Return the run of lines below that opens with the line containing "Your response must be concise. 5." and closes with the line containing "lowest government expenditure per student?", keeping each one exact.

**RECORDS FOR THIS TASK**

= Beginning of Section =

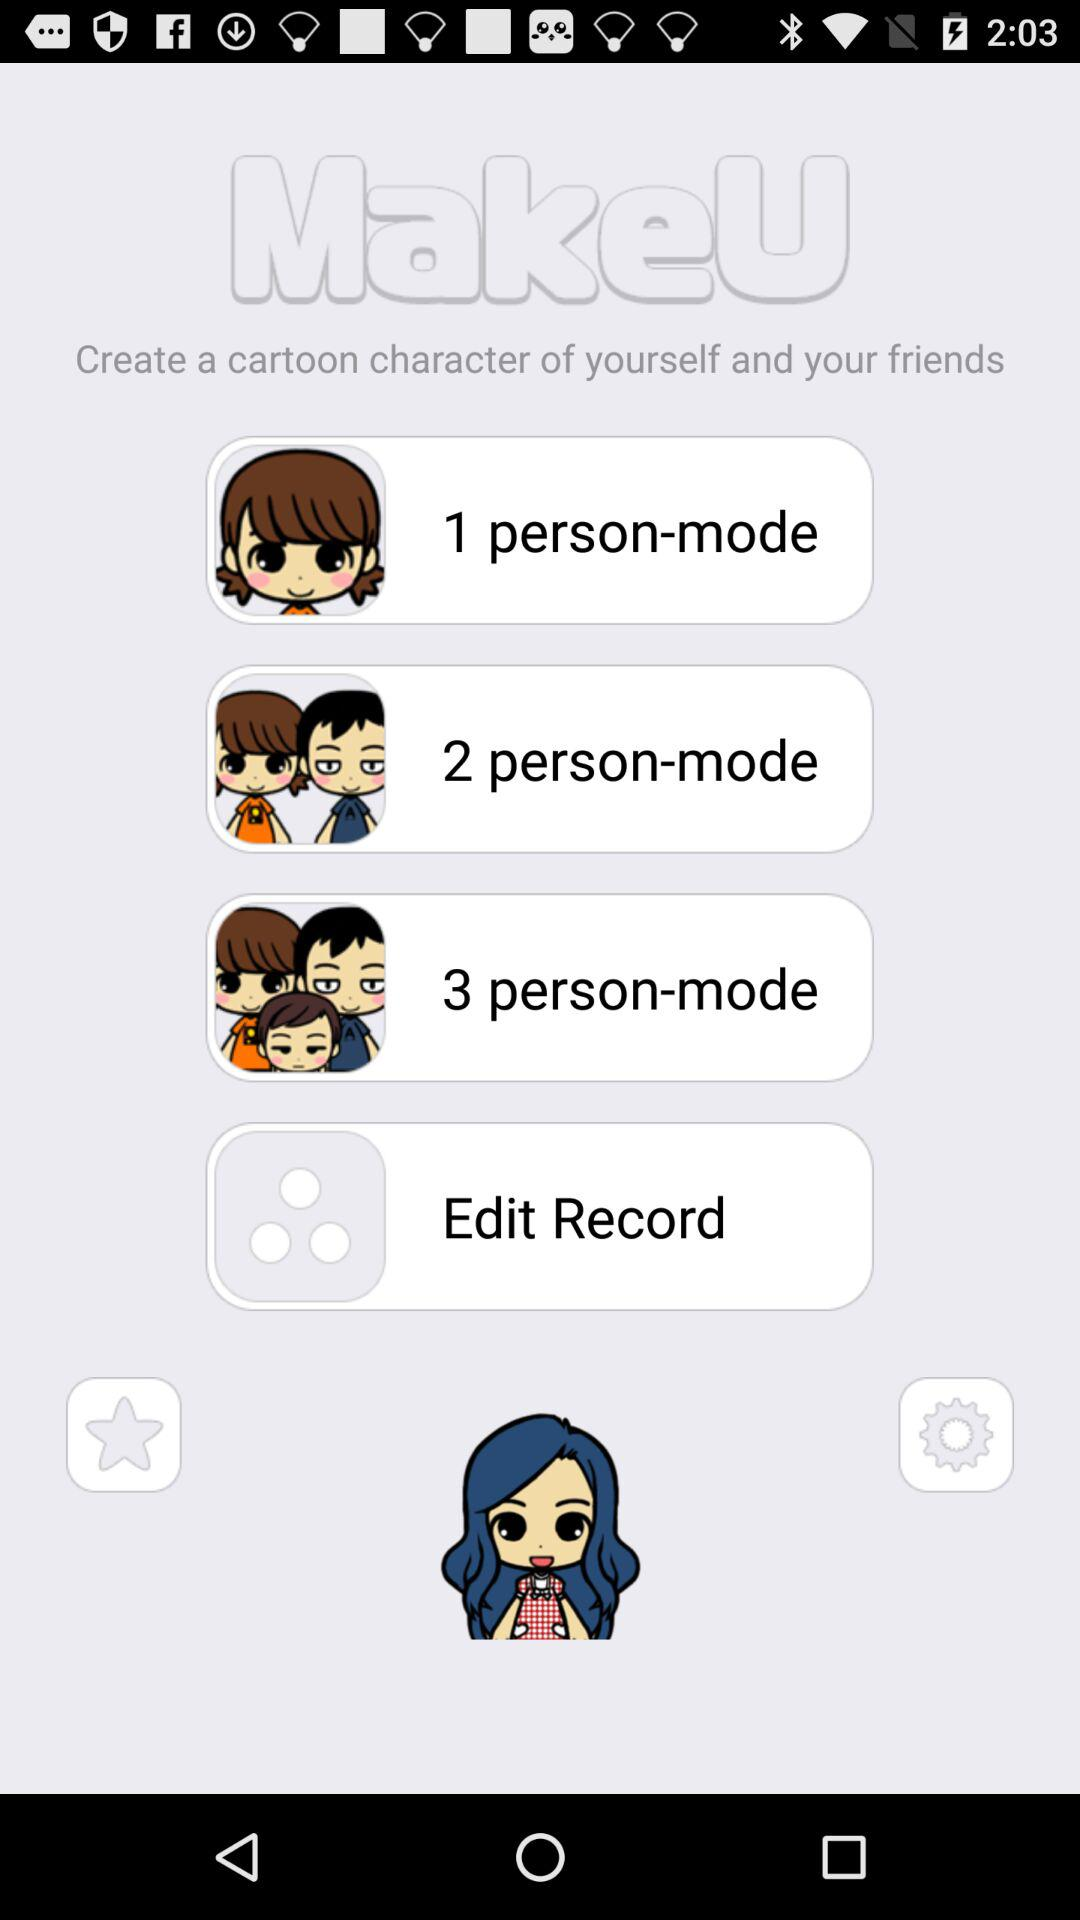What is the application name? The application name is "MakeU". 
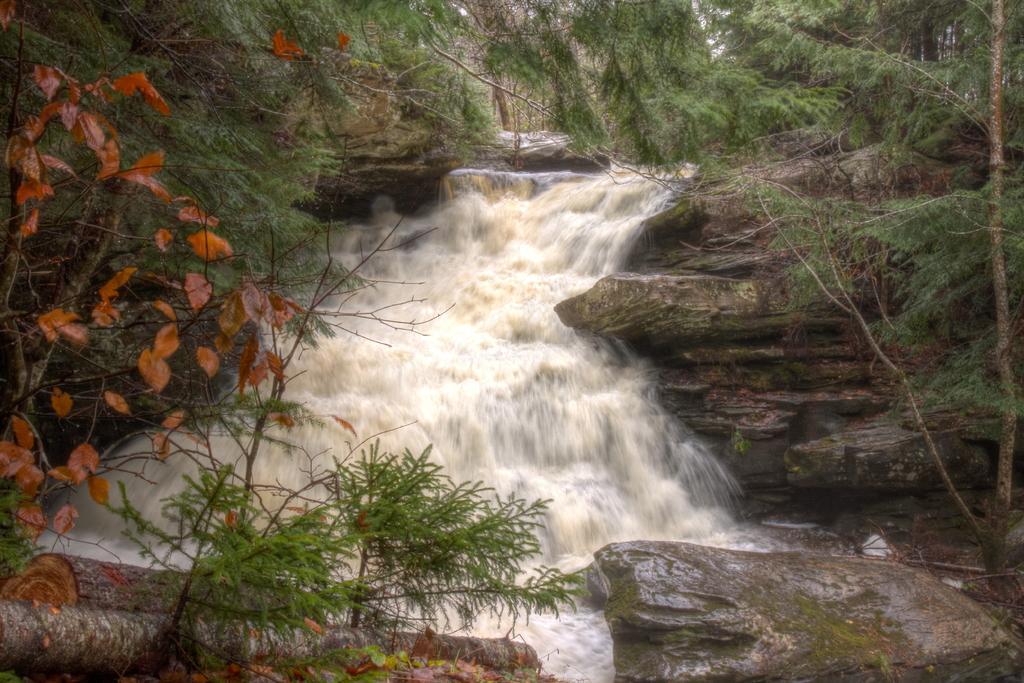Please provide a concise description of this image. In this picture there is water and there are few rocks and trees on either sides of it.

= End of Section =
= Beginning of Section =

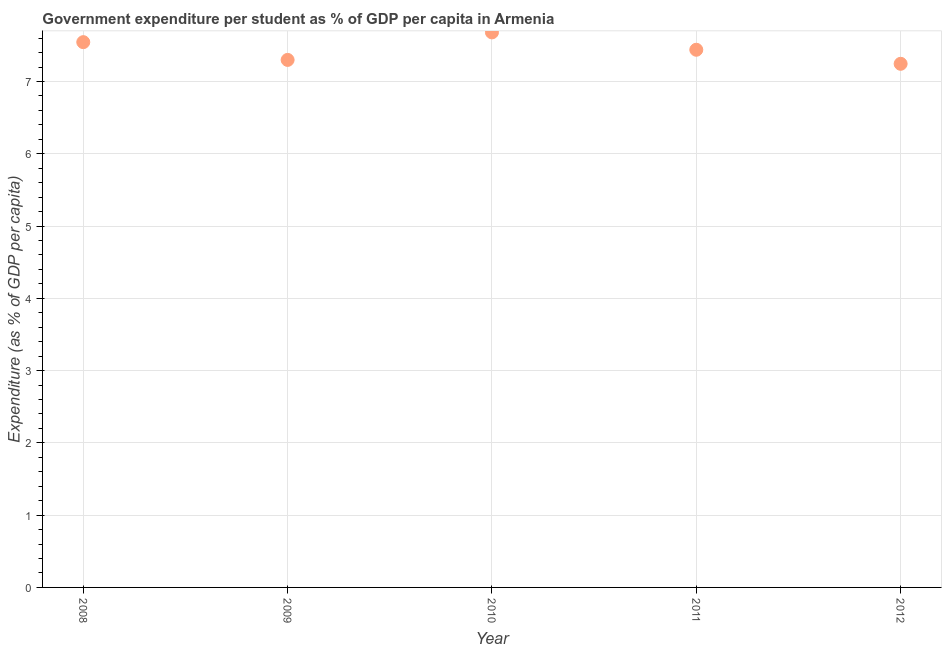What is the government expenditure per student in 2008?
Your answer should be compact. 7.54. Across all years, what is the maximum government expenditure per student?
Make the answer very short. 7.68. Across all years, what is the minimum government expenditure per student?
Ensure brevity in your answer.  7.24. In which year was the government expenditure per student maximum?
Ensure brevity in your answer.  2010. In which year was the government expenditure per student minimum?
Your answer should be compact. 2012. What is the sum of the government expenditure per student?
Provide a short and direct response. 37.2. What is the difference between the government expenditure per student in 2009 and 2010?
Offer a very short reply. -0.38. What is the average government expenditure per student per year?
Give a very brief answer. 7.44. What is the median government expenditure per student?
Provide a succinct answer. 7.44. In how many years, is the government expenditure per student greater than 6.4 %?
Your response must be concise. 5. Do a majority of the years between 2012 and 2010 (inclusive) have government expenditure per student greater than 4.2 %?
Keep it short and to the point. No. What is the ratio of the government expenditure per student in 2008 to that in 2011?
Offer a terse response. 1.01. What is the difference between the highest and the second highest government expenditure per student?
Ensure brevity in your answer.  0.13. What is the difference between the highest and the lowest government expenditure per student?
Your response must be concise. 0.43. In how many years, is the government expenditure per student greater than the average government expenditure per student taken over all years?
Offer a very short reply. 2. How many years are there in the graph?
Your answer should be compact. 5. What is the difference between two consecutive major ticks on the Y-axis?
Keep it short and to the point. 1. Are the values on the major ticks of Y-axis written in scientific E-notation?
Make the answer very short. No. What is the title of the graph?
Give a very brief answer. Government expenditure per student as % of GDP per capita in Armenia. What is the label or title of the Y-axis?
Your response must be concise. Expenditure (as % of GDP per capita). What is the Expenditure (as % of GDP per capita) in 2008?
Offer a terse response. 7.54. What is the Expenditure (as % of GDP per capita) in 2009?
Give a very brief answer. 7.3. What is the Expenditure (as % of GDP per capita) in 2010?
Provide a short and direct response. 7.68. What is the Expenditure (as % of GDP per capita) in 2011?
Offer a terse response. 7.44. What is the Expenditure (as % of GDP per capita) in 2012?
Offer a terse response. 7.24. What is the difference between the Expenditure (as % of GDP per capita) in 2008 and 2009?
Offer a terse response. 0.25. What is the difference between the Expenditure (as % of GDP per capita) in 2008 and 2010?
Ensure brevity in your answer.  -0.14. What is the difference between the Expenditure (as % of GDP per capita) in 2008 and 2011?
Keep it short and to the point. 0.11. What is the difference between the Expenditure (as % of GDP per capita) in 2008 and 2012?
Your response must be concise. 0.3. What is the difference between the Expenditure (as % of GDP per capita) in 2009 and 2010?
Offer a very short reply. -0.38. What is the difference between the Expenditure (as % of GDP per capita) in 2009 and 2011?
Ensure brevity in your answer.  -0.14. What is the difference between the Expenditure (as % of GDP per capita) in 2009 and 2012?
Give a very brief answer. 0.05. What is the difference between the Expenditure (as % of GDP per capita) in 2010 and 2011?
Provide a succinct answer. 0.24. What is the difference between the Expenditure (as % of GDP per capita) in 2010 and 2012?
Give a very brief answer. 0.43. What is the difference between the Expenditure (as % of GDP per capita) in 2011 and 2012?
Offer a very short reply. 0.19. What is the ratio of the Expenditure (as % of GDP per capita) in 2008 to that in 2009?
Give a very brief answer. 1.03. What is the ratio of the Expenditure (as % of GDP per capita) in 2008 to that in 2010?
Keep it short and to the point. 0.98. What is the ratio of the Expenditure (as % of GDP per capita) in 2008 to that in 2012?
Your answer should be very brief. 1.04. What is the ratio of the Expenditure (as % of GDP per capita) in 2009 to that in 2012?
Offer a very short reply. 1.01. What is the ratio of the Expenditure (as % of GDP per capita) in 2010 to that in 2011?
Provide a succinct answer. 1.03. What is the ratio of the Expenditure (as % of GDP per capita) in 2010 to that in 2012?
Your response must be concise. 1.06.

= End of Section =

**SOLUTION**
Your response must be concise. 5. Do a majority of the years between 2012 and 2010 (inclusive) have government expenditure per student greater than 4.2 %?
Keep it short and to the point. No. What is the ratio of the government expenditure per student in 2008 to that in 2011?
Offer a terse response. 1.01. What is the difference between the highest and the second highest government expenditure per student?
Ensure brevity in your answer.  0.13. What is the difference between the highest and the lowest government expenditure per student?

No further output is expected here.